Tendulkar and Ganguly have the highest opening partnership runs (6609 in 136 innings) in ODI cricket; 1300 runs ahead of the second best. With Dravid, Tendulkar shared a memorable partnership in the middle amassing 6920 runs in 143 innings – ahead of Jayawardena and Sangakkara, the duo who, it looked, batted forever. The stories of the rise to the top of the Fab Four (Sachin, Sourav, Rahul, VVS) and the team itself are our best memories of the decade that went by.

A few sad ones:

Match-fixing controversy
At the turn of the century, it looked as if Cricket lost its audience in India. Match-fixing made news and several players (including Indian) were implicated. Under the leadership of a new skipper (Ganguly) and coach (Wright), India staged an extraordinary and a less-known comeback. We want to read more on this.

Nervous nineties and the defeats
Tendulkar got out in nineties twenty-eight times and had to wait twenty-three innings after his ninety ninth to get his hundredth ton. He has a dubious distinction of scoring for a losing cause, though stats clearly show otherwise. Yet, there are stories…

Particularly heart-breaking is his knock (175) vs Australia in Hyderabad in 2009. Chasing 351, it looked like a sand-storm all over again. But Sachin fell cheaply for a slow delivery, and the rest failed to get the required nineteen runs of seventeen balls. India lost by three runs. His majestic innings won the MoM. Watch this for the sound of the ball hitting the willow.

The long wait for World Cup
Sachin was a part of all world cups from 1992; he was the top scorer in 1996 when India lost to SriLanka in a forgettable semi-final in Eden Gardens. In fact the match was ‘awarded’ to SriLanka. Again in 2003 he was the player of the tournament; he fell for 4 in the final as India buckled before the mammoth target set by the Aussies. Then there is 2007, which I am sure is written about. That was Guru Greg’s time.

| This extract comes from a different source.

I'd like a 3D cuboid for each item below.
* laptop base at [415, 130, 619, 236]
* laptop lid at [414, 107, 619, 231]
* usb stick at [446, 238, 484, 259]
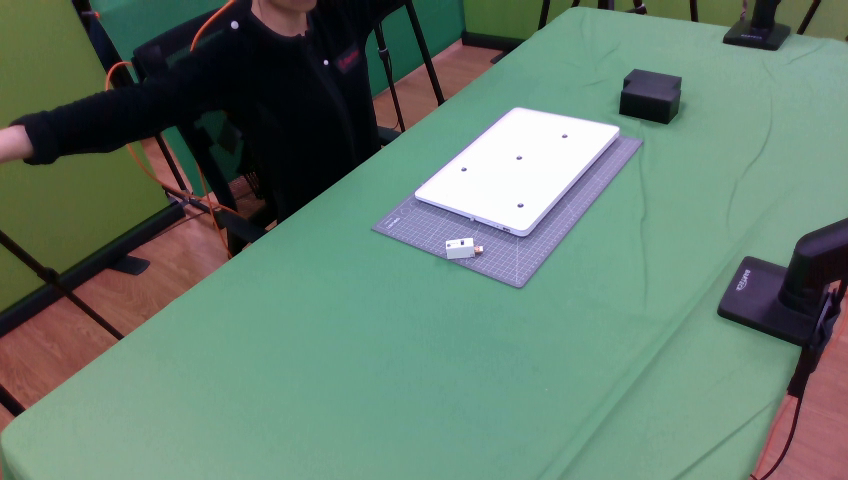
[{"bbox_3d":[0.178,-0.137,1.112,0.233,0.023,0.355,19,48,34],"label":"laptop base"},{"bbox_3d":[0.174,-0.147,1.106,0.239,0.013,0.358,22,49,34],"label":"laptop lid"},{"bbox_3d":[0.064,0.013,0.946,0.059,0.027,0.021,-4,41,3],"label":"usb stick"}]

The wait ended in 2011. I really want to read what happened in the dressing room after the openers fell and before MS Dhoni promoted himself up the order. That was the best gamble ever. Dhoni says it is Gary(Kirsten)’s decision but he may be downplaying it. That night Virat Kohli said – and is widely quoted thereafter – “He carried the burden of the nation for twenty-one years; so it’s time we should carry him on our shoulders”. Sure he filled the void left after Sachin’s retirement. Kohli’s phenomenal rise post 2011 made everyone sit up and observe. His important part in the final chase in 2011 – calming down the nerves after two important wickets fell in quick succession and generating runs nevertheless – didn’t go unnoticed.

*

Now the inevitable question – after Sachin who? A refined question may be: will we get another Sachin the cricketer and Sachin the person. We can bank on our enormous cricketing talent but Sachin the person is clearly a product of his times. All along his career, his strike rate stood sturdily at 86. For now, we have Kohli the person, Dhoni the person. What is important – as far as cricket is concerned and wherever cricketers can make amends – is to win matches. That is what the stalwarts of the age that has gone by insisted on. పేకాట పేకాటే!